# Jean Greenhowe pattern



## JessMarsh (Aug 25, 2013)

http://www.jeangreenhowe.com/Images/Rainbow_Babies.pdf 
for any new knitters this is a nice project to begin your journey x


----------



## cabbagehome (Dec 23, 2011)

Very cute.


----------



## kiwiannie (Jul 30, 2011)

Adorable,thanks for the link. :thumbup: :thumbup:


----------



## moonriver (Feb 22, 2013)

So cute


----------



## CherylErasmus (Sep 30, 2013)

Thank you needed something for the Church Tombola Stall next weekend.


----------



## JulesKnit (Dec 30, 2012)

Thank you, these are adorable! :thumbup:


----------



## crispie (Dec 17, 2011)

Thank you so much; these are adorable.


----------



## ManyClouds (Sep 29, 2012)

Thank you


----------



## gillian lorraine (Aug 18, 2011)

These are super easy and quick to knit--- Jean Greenhowe gives really good instructions.. ( I have just knitted a toy by someone else and the instructions for putting together are rubbish so I appreciate JGs concise nature)


----------



## JessMarsh (Aug 25, 2013)

gillian lorraine said:


> These are super easy and quick to knit--- Jean Greenhowe gives really good instructions.. ( I have just knitted a toy by someone else and the instructions for putting together are rubbish so I appreciate JGs concise nature)

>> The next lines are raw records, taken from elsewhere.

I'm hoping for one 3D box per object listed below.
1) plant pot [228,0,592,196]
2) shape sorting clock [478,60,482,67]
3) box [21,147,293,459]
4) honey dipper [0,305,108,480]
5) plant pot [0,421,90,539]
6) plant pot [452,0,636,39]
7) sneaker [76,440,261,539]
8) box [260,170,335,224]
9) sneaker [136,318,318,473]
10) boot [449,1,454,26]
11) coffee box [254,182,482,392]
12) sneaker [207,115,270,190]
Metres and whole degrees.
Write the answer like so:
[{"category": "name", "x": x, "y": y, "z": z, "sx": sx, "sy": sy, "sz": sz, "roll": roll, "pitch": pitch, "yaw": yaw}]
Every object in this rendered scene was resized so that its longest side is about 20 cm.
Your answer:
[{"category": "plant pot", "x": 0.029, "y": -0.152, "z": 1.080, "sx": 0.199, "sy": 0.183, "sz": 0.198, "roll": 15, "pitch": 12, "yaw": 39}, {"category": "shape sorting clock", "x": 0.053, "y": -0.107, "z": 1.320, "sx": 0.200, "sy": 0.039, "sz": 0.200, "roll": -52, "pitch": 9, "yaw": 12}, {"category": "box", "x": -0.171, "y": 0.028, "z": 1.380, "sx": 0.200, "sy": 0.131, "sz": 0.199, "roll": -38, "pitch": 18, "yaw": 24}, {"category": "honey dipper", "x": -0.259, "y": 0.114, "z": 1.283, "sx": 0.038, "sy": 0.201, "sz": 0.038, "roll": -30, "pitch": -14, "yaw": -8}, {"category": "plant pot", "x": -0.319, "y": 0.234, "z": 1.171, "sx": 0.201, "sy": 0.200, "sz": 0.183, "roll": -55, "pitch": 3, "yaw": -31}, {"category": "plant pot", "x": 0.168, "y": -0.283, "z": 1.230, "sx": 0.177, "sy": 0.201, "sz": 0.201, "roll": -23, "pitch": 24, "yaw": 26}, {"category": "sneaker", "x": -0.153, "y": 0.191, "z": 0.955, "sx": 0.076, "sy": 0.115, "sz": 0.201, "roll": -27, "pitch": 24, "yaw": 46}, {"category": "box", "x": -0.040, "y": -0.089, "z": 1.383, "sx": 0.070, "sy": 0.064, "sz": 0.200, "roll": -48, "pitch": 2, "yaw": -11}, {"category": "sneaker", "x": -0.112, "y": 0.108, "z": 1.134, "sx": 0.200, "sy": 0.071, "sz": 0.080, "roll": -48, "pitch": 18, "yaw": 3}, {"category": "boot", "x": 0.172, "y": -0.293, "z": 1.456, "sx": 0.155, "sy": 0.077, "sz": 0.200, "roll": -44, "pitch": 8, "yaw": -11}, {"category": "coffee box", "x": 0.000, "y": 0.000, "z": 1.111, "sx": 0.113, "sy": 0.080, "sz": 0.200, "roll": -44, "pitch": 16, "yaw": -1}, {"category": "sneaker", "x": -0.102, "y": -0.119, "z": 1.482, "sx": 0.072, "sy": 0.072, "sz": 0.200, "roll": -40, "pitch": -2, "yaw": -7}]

All her patterns are like that ...I love them ...x


----------



## patocenizo (Jun 24, 2011)

Cute, thanks for sharing this link.


----------



## Valjean (Jul 21, 2011)

Cute rainbow babies,thank you for sharing the link.


----------



## eggplantlady (Apr 10, 2011)

Wow - thanks for sharing! But, what is the purpose of the 'pocket'?


----------



## dragonflylace (Jul 2, 2012)

Thanks very much!!!


----------



## JessMarsh (Aug 25, 2013)

eggplantlady said:


> Wow - thanks for sharing! But, what is the purpose of the 'pocket'?

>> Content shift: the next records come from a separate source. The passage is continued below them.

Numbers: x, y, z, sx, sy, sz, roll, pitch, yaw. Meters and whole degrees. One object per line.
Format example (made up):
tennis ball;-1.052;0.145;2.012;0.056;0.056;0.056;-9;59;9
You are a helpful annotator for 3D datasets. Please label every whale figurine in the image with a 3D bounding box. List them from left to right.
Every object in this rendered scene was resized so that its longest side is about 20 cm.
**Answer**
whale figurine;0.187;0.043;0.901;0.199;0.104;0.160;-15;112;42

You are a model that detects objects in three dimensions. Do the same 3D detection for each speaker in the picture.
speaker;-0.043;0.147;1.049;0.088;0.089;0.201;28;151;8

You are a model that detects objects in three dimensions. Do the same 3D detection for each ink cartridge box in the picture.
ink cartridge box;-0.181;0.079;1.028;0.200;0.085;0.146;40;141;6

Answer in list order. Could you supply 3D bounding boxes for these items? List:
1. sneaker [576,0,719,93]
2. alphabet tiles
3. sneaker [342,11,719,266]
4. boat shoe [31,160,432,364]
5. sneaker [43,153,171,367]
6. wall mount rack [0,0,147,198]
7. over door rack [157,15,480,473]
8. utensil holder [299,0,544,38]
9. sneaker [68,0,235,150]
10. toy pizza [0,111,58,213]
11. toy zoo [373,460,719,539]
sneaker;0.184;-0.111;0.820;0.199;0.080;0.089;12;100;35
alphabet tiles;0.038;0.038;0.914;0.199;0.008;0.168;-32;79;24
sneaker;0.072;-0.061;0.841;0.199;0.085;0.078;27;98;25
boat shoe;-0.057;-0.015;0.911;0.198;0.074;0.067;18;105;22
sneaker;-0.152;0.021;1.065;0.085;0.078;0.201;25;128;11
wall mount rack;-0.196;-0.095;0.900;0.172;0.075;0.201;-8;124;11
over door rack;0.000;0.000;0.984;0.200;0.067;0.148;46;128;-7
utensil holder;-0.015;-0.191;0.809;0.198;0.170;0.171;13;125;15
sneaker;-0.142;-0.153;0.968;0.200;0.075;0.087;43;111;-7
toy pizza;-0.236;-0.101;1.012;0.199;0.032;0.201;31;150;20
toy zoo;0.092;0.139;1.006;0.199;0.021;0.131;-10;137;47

Pop the baby into the pocket I expect x


----------



## jpfries (Jan 14, 2013)

I have made about a dozen of these. Jean Greenhowe's instructions are very detailed and easy to follow. They are great for a new baby. I tacked the scarf and hat in place , but they can be removable. the pocket is in place of a blanket, works well. Love them in any color, and is a great way to use up some pieces of yarn


----------



## Morningdancer (Jun 20, 2011)

they are so cute, thanks for the link :thumbup:


----------



## frannie di (Nov 30, 2011)

Thank you for the link


----------



## KnitterNatalie (Feb 20, 2011)

Darling pattern! Thanks for sharing!!


----------



## gillian lorraine (Aug 18, 2011)

JessMarsh said:


> Pop the baby into the pocket I expect x


Yes it is the "bed/cosy" place for the dolly to be carried in-- I have knitted some but not bothered with the pocket, and some I have knitted in green/yellow and red speckled yarn and will knit their pockets in red and white for a Christmas fair stall ( charity)


----------



## retirednelda (May 8, 2012)

Thanks for the link, love the cute pattern and with so many babies coming, will be a great gift or gift topper


----------



## canuckle49 (Sep 24, 2012)

Thank you for sharing this cute pattern !


----------



## SouthernGirl (Dec 28, 2011)

Thanks.


----------



## Patty Sutter (Apr 17, 2012)

I'm not a 'new' knitter, But thanks for the cute pattern.


----------



## amberdragon (Dec 12, 2011)

i knit lot for charity, and these little babies will be perfect for the kids in abuse shelters.


----------



## gertyau (Sep 29, 2011)

beautiful pattern thankyou pat
gertyau


----------



## gertyau (Sep 29, 2011)

beautiful pattern thankyou pat
gertyau


----------



## bigalbigal3 (Mar 15, 2011)

great site---thanks


----------



## bigalbigal3 (Mar 15, 2011)

great site


----------



## krafty ev (Apr 28, 2012)

JessMarsh said:


> http://www.jeangreenhowe.com/Images/Rainbow_Babies.pdf
> for any new knitters this is a nice project to begin your journey x


Aren't they just so cute. I have knitted 9 of them: One for each grandchild. I am hoping to write a story for them and give it to them for Christmas


----------



## JessMarsh (Aug 25, 2013)

That is lovely ...they will be thrilled ...have you got a picture of them?


----------